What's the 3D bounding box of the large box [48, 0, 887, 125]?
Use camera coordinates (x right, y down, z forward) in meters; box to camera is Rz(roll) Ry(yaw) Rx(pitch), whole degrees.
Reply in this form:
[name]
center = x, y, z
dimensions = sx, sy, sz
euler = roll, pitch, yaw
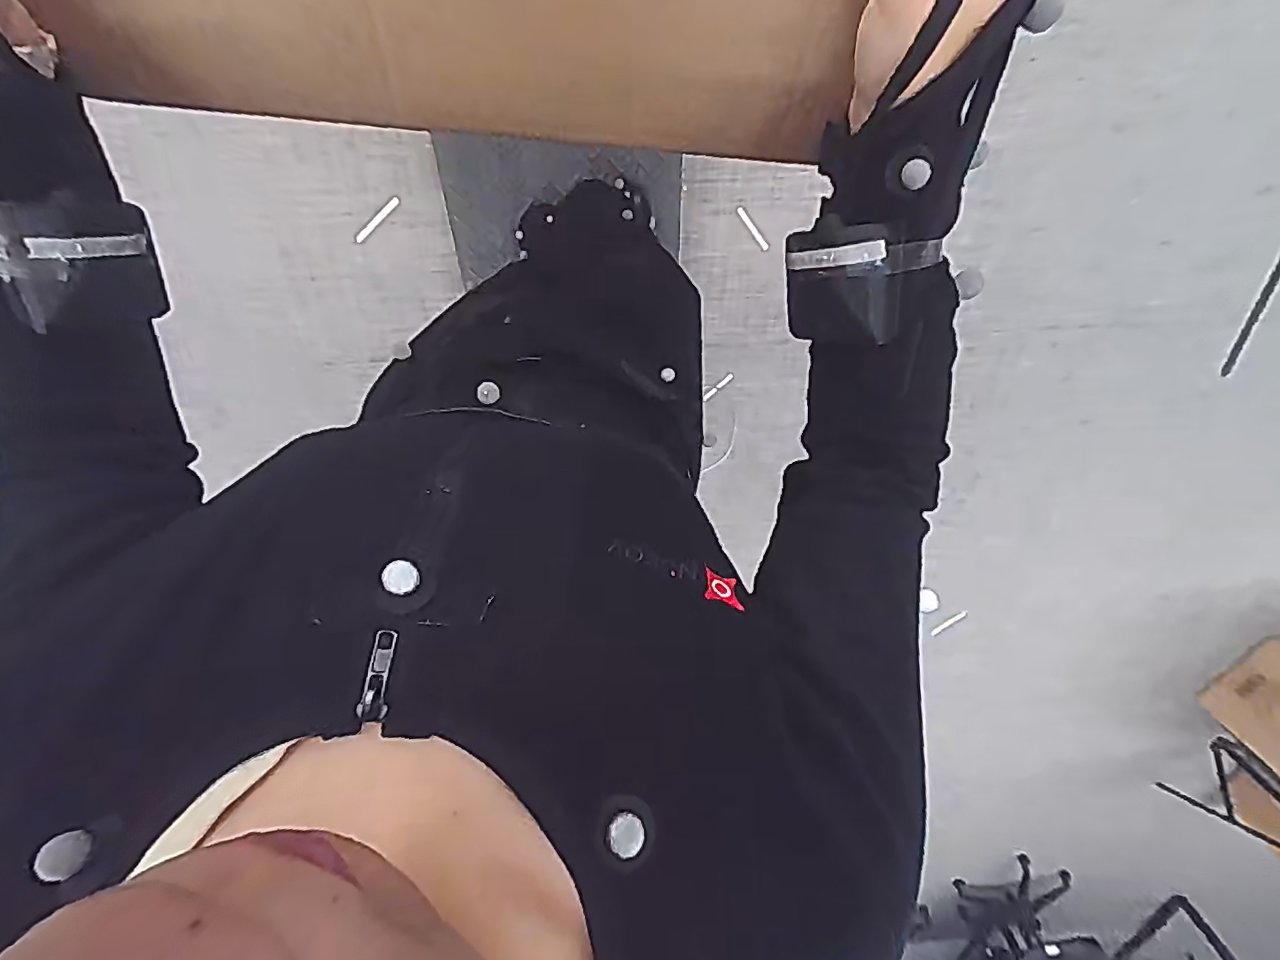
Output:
[large box]
center = -0.075, -0.413, 0.246
dimensions = 0.408, 0.320, 0.320
euler = 2, 148, -5

Problem to work on>
Output each record verbatim, but skip anything that is a picture.

Solved problem>
What's the 3D bounding box of the large box [48, 0, 887, 125]?
Use camera coordinates (x right, y down, z forward) in meters; box to camera is Rz(roll) Ry(yaw) Rx(pitch), whole degrees.
Reply in this form:
[name]
center = x, y, z
dimensions = sx, sy, sz
euler = roll, pitch, yaw
Output:
[large box]
center = -0.075, -0.413, 0.246
dimensions = 0.408, 0.320, 0.320
euler = 2, 148, -5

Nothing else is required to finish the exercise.